Es curioso. A finales del siglo XX, se suponía que el libro de papel tenía su condena de muerte firmada. El 21 de junio de 1992, Robert Coover escribió en el New York Times que la “proliferación de libros y otros medios impresos, tan frecuente en esta época de cosecha de bosques y desperdicio de papel, se considerará un signo de su morbosidad febril, el último e inútil suspiro de una forma de vida antes de fallecer para siempre, tan muerto como está Dios”. Qué ingrata puede ser es la futurología.
Su asesino iba a ser el e-book, un formato hipertextual que se puso de moda en la última década del siglo XX. No era la primera vez que un formato nuevo lo amenazaba: lo mismo dijeron de la radio y la televisión.
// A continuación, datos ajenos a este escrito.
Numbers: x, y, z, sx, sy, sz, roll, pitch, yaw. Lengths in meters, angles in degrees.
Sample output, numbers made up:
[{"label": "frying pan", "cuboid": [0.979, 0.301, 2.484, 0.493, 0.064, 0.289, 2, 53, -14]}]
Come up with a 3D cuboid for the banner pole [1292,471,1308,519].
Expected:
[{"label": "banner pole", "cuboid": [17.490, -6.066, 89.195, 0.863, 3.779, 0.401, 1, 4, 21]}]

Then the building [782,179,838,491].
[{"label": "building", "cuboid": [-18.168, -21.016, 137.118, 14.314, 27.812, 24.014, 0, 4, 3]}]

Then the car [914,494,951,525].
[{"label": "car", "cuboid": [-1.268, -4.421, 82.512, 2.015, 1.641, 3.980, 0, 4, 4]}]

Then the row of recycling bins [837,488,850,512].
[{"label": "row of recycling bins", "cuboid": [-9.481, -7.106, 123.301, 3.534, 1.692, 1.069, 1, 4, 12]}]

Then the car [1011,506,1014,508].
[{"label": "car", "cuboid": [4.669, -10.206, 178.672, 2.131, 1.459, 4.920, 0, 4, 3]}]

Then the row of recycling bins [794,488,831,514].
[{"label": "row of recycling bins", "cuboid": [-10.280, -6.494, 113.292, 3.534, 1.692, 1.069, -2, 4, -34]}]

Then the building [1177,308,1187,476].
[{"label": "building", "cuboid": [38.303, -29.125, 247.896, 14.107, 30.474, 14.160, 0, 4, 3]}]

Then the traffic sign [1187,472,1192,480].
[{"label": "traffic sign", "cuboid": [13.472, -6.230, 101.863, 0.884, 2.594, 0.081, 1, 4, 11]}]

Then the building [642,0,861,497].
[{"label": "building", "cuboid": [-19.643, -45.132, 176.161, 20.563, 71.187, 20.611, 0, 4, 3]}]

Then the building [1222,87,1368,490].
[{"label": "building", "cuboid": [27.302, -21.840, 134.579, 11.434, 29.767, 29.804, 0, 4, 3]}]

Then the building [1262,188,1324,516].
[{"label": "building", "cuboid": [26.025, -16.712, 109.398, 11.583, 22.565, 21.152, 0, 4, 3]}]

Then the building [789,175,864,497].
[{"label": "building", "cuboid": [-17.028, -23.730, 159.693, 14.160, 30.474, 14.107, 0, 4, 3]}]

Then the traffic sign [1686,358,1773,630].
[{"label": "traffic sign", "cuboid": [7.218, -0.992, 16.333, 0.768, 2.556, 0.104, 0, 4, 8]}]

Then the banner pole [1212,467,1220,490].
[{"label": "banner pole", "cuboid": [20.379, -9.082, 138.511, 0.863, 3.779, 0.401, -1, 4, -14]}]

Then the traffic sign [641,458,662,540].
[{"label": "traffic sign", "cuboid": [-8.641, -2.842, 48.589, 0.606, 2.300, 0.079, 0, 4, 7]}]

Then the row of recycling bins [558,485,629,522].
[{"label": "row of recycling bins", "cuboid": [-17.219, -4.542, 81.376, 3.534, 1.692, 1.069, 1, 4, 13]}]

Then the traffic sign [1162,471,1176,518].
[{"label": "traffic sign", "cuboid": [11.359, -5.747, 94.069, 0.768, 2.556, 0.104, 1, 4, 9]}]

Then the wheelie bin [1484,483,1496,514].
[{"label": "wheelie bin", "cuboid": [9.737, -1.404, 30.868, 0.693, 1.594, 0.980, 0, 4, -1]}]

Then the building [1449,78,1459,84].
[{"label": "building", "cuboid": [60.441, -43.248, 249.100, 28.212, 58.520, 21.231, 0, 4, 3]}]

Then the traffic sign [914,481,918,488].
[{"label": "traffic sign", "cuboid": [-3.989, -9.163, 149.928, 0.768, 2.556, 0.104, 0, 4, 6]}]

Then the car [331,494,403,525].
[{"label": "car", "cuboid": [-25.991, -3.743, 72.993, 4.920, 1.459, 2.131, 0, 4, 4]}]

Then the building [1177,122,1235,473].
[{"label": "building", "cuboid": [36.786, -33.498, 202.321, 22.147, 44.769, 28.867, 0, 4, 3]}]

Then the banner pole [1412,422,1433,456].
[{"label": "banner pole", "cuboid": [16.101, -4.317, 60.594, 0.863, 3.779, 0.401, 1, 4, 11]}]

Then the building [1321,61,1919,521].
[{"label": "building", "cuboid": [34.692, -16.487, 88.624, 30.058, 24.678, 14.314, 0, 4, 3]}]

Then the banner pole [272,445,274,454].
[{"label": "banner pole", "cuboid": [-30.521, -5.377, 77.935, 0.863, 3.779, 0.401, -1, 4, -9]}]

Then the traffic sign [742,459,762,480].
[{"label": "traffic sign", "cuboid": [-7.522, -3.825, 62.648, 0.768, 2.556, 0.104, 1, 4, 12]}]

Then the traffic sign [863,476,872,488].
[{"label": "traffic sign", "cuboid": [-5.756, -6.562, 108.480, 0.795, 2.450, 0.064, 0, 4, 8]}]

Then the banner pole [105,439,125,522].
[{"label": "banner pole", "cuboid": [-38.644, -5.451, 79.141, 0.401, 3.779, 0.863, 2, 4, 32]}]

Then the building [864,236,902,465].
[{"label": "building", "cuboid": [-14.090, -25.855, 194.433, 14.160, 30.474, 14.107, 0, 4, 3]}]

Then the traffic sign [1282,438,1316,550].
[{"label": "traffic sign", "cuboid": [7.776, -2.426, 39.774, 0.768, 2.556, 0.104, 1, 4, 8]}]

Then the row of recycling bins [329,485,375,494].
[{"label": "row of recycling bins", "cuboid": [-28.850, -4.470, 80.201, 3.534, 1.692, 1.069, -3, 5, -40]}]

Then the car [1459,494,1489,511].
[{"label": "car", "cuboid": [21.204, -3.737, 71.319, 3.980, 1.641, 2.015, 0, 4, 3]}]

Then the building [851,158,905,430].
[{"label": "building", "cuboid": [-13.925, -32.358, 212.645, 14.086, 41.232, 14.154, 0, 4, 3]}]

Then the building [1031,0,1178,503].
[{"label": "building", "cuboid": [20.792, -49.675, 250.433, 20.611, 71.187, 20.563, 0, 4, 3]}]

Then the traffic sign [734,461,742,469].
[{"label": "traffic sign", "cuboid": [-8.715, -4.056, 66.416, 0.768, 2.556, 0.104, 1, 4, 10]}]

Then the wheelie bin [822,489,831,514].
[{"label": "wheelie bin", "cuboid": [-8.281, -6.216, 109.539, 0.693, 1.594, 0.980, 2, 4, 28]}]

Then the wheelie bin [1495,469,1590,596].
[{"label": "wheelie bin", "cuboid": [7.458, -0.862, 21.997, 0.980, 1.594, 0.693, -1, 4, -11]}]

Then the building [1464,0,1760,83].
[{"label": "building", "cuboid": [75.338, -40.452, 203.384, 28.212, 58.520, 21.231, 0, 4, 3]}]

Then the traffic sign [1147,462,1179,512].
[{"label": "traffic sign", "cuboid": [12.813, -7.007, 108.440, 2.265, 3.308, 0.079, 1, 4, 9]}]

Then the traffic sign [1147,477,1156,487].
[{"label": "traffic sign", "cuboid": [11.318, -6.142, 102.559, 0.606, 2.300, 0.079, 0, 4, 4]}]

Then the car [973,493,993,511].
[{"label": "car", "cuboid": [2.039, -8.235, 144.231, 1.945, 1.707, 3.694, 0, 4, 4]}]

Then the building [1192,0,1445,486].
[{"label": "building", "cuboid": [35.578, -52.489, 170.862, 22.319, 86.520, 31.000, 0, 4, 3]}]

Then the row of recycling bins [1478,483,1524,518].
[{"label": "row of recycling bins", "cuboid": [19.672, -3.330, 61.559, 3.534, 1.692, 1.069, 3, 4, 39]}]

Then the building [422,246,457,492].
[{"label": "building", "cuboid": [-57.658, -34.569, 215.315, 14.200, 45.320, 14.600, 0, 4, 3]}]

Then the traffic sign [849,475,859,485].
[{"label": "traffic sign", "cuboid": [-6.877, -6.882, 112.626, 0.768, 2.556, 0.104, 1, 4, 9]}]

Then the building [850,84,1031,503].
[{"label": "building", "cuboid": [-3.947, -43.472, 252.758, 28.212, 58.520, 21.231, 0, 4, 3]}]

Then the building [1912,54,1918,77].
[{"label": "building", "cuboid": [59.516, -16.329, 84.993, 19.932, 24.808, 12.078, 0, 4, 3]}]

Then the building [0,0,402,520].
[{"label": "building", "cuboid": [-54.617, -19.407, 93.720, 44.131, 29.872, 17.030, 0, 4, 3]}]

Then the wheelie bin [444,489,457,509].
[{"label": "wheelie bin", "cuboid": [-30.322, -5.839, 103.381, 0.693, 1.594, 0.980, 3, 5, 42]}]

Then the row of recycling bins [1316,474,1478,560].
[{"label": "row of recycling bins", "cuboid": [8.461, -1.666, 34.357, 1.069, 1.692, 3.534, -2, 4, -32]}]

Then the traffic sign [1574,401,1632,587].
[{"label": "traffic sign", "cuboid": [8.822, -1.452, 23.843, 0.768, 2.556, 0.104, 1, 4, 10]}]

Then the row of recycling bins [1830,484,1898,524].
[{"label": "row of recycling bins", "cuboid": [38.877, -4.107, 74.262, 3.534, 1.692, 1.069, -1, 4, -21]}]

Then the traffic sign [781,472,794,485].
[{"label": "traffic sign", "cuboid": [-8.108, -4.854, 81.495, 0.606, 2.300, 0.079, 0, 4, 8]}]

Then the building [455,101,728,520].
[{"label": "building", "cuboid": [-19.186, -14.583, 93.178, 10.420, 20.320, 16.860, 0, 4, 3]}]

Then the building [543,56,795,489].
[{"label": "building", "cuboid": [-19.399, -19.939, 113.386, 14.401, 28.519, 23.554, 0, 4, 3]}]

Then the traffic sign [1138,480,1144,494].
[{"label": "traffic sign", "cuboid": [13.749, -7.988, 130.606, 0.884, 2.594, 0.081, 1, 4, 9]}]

El libro de papel era un periódico de ayer “que nadie más procura ya leer”.
No fue así. En 2023, sólo en Estados Unidos se vendieron más de 760 millones de copias impresas de libros, según el sitio estadístico Statista. En Breves respuestas a grandes preguntas, Stephen Hawkings escribió “Si apilaras uno al lado del otro los libros nuevos que se publican, al ritmo actual de producción, tendrías que moverte a 144 kilómetros por hora para mantenerte al día”. El fin de los libros de papel jamás llegó. Y no llegará.
Pensando en su existencia y su futuro, recordé la maravillosa charla de Neil Gaiman sobre Douglas Adams, el autor de The hitchhiker’s guide to Galaxy. “Hace 30 años estábamos hablando con Douglas sobre los e-books”, recordó Gaiman. La hipertextualidad, le dijo Gaiman, sería la muerte del libro. Adams le contestó que no era cierto.
“Los libros son tiburones”, le dijo Adams. Hay tiburones desde antes de que hubiera dinosaurios, “y la razón por la que los tiburones siguen en el océano es porque nada es mejor siendo tiburones que los tiburones”, le explicó Adams.
Nada es mejor siendo un libro que un libro. “Es del tamaño adecuado, usan energía solar, si se te cae, sigue siendo un libro. Puedes encontrar tu sitio en él en microsegundos”, le dijo el autor de la famosa guía. “No importa lo que pase, los libros siempre van a sobrevivir”, concluyó Adams sin equivocarse aún 19 años después de muerto. A veces, la futurología es bastante grata.
Por supuesto que tenemos varios soportes electrónicos en los que alojar libros, e incluso podemos pedirle a una algorítmica voz que nos los lea. Es maravilloso. Craig Mod escribió en 2019 en Wired: “Mi Kindle Oasis —uno de los más esbeltos, elegantes y caros contenedores de libros digitales que se puede comprar en 2018— es casi tan interactivo como una papa”. Lo que Mod nos está diciendo es que todos esos soportes se parecen más al centenario libro y no al e-book hipertextual que imaginaba el mundo hace tres décadas. De hecho, la luminosidad del Kindle imita la opacidad de las hojas de los libros. Es su mejor disfraz y uno de los factores de su éxito.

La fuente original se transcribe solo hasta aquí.